Overall, finding a working business model and creating systems to best allocate limited resources remain the biggest obstacles faced by university presses when it comes to digital publishing. As the report clearly demonstrates, despite these concerns, AAUP member presses are actively and enthusiastically embracing the possibilities. And if history is any indicator, following this weekend’s annual conference, “The Next Wave: Toward a Culture of Collaboration,” that enthusiasm will be redoubled throughout the summer.

I find it quite appropriate that, in the week we launch the AAUP e-publishing blog, there is more media coverage of ebook pricing. On Monday the New York Times included an article on the proposed $12.99 to $14.99 prices for ebooks within the iPad iBookstore and future Kindle agreements. Of most significance, it presents a simplified breakdown of the profit margin on both physical and electronic books.

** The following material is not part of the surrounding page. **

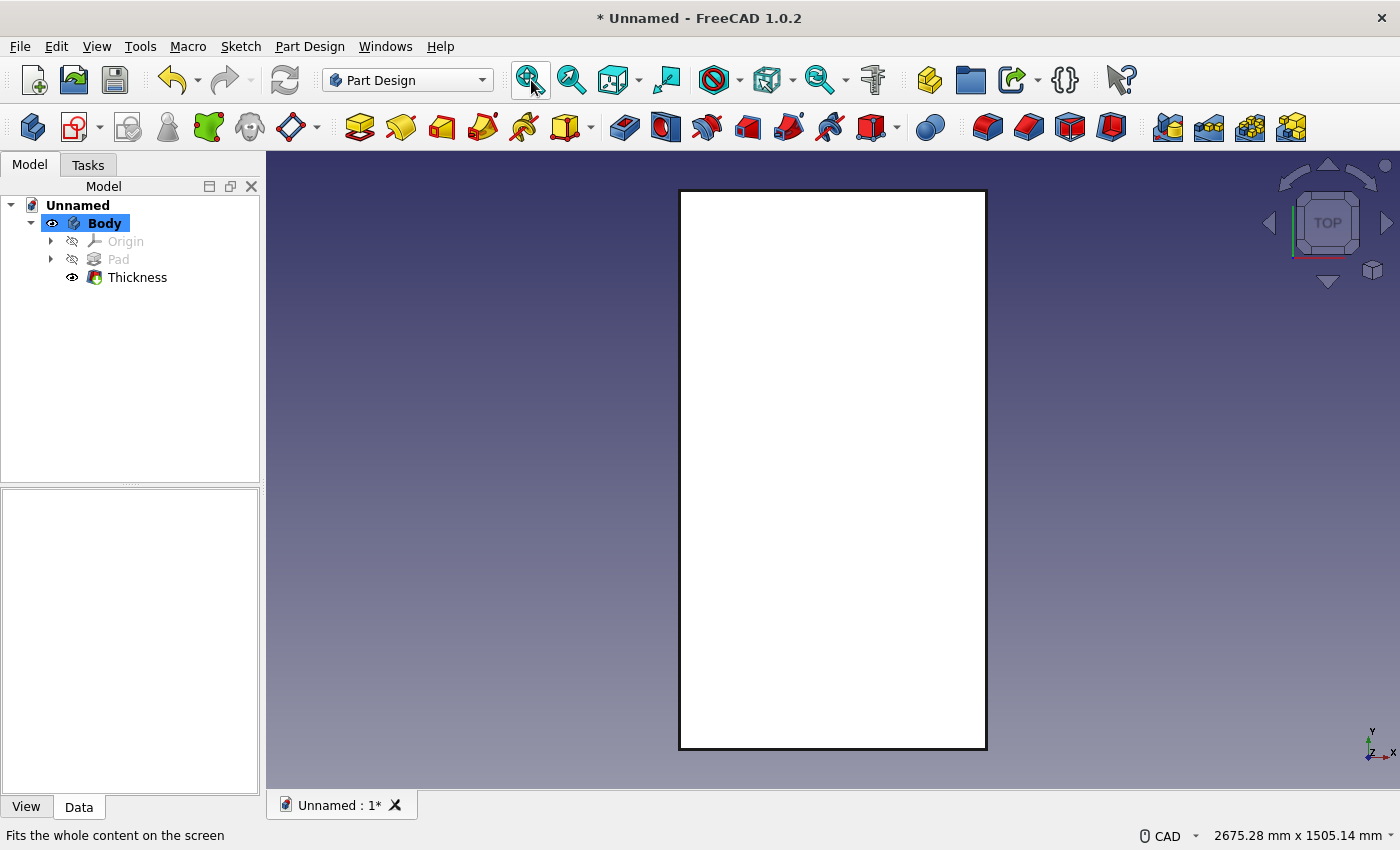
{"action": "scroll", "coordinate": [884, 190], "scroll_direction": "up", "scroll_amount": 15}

This article includes something for everyone to dislike. Shelf Awareness takes issue (as do I) with the presumptive 50% discount. This skews all the resulting math, and precludes consideration of anything but trade releases. While at the other end of the spectrum The Atlantic chooses to present its own, tongue-in-cheek presentation of the same calculations.

While some of you may think this is a mild irritant, a mere diversion from our scholarly path, these mainstream portrayals of ebooks as so significantly cheaper to produce are likely to set the stage for much of the future development of pricing models. Most of us can easily see where our own corner of the industry diverges from this trade model, but I doubt much of our author or customer base is as well informed.

Copyediting and typesetting for 80 cents a copy? I don’t think I’ve seen those prices in 20 years. And why do these same tasks cost 50 cents for a digital copy? And if we were only to spend $1 per copy on marketing each new title, we wouldn’t be able to afford a single ad. I’m looking forward to negotiating 15% list price royalties, as well.

References to this article have already started to pop up in blogs and news sites everywhere. With the current focus on the business model for the iPad , and the public fracas between MacMillan and Amazon, this will spread for a few more weeks. And the “presumptions” will very soon be viewed as “truths”.

So let me contrast this with a few recent posts by Mike Shatzkin on his blog. Mike is unapologetic in his belief that the digital transition is here and that you will be left behind if you are not already managing it. But he is equally forthright in statements that publishers have good reason to try to slow things down. Mike always presents careful, and informed, analysis. His blog is well worth following.

You’ll see our blogroll on the left. As they come and go, we’ll update the list. We’ll also include direct links to articles of interest in posts such as this.